Pentes de plástico, espelhos, batons, tecidos, bonecas, perfumes. Segundo os registros de Pierre Verger, essas oferendas, hoje mais que capitalizadas, tiveram origem no século XIX de forma bem diferente.
Na Wikipedia esta história está ligada a migrações iorubás, a guerras civis africanas e a um rio com o nome da divindade. No meio do bafafá todo, o que algumas populações levaram consigo, como lembrança, restringiu-se a objetos.
Séculos à frente, as manchetes do jornal trazem uma imagem perturbadora do que se tornou o exercício espiritual para os filhos das águas. OBS: yemanjá significa “Cujos filhos são peixes”.

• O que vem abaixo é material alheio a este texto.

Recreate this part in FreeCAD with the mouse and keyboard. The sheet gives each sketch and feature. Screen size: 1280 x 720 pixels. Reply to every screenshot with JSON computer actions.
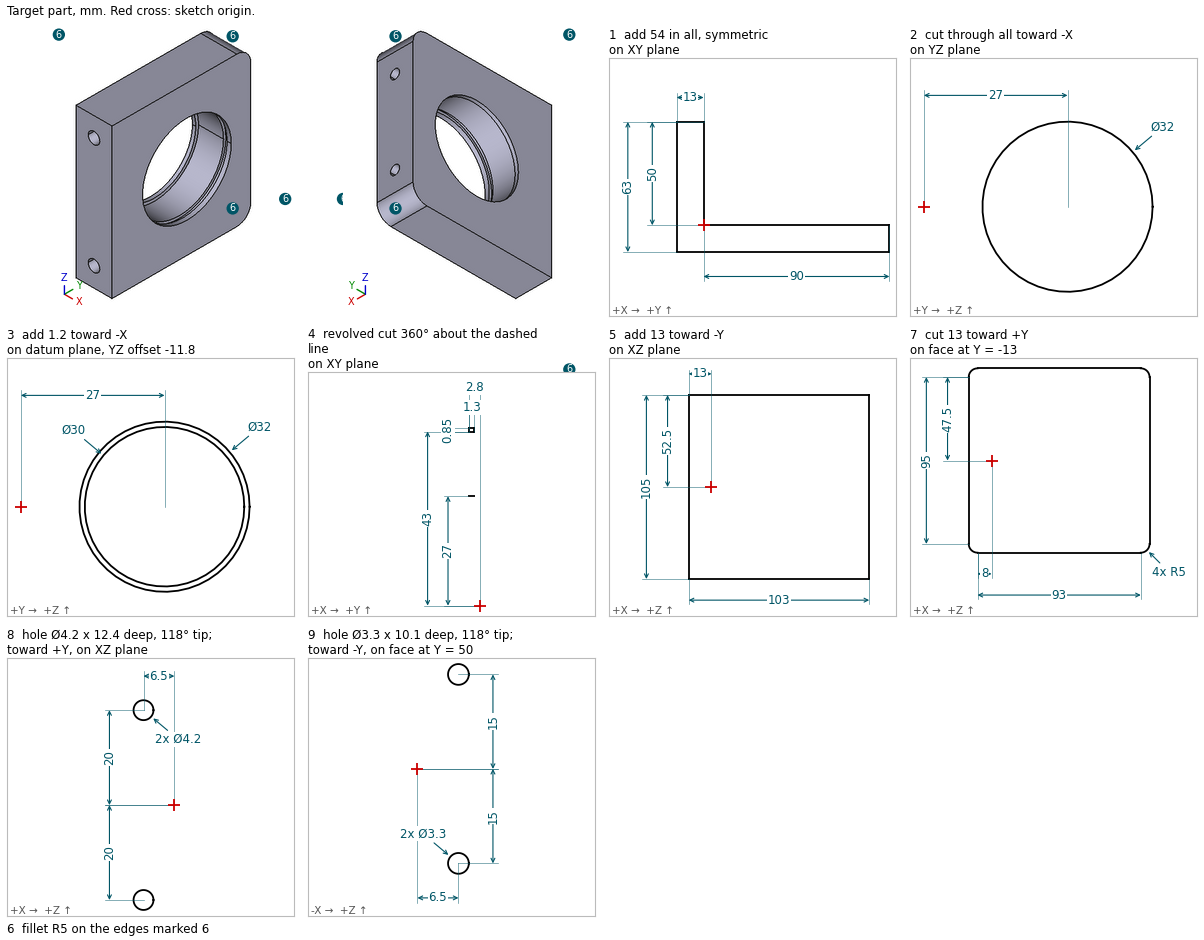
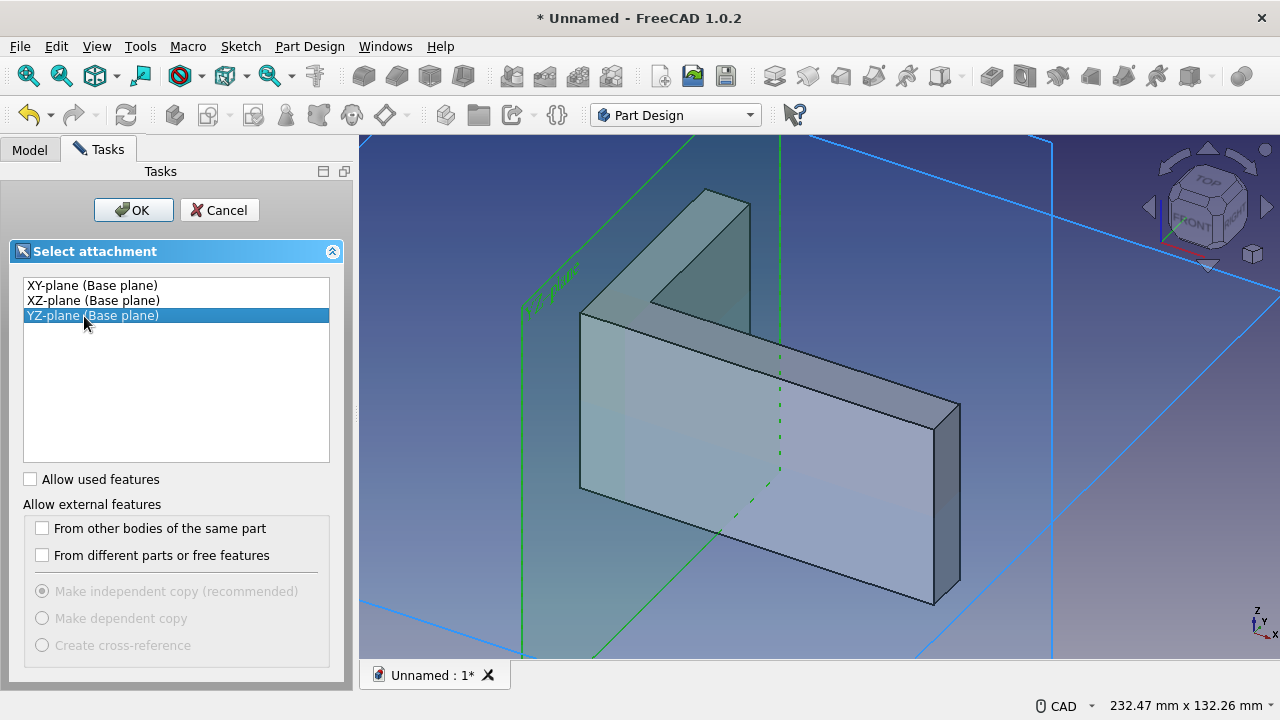
{"action": "left_click", "coordinate": [134, 210]}

Uma fila colossal, com milhões de pessoas a espera de embarcar seus utensílios coloridos e poluentes em um barco, via direta de conversa entre a Rainha e seus crentes, congestionam as areias de Salvador. Dona Maria, com seu “kit agradecimento” juntou uma boneca para cada filha, agradecendo a boa saúde. Os pescadores da associação local reuniram, durante o ano todo, verba para comprar tudo de mais colorido para a deusa.
O que ninguém quer saber é onde Yemanjá guarda todos esses presentes. Na barriga dos peixes ou nas ilhas de lixo isoladas no oceano, eles não me parecem muito bem organizados.

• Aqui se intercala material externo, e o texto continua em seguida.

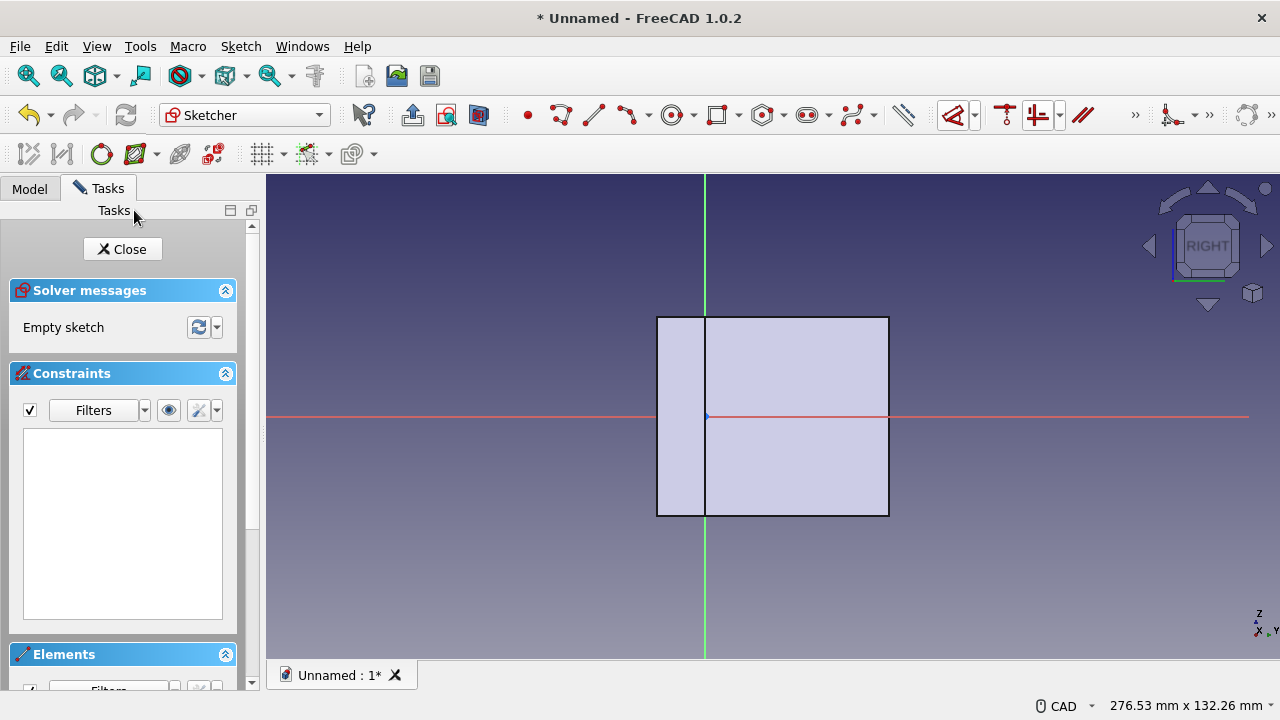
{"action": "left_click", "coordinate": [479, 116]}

Pela tradição, quando uma oferenda é encontrada na praia, significa que o pedido foi negado. Com as enchentes e alagamentos previstos para este ano, muitos pedidos, inclusive dos dias 2 de fevereiro passados (e dos 365 dias que são mais uma desova ou descarrego), aparecerão não só nas praias, mas nos bueiros e casas dos filhos de deus.
Yemanjá manda um recado este ano: repensemos a fé preservando nossas aguas para garantir tanto a saúde de nossos filhos quanto os peixes dos nossos semelhantes. Tomando consciência da responsabilidade que temos sobre os rios e mares, a fé em Yemanjá atravessará este fim de mundo dando inicio a um novo recomeço espiritualizado.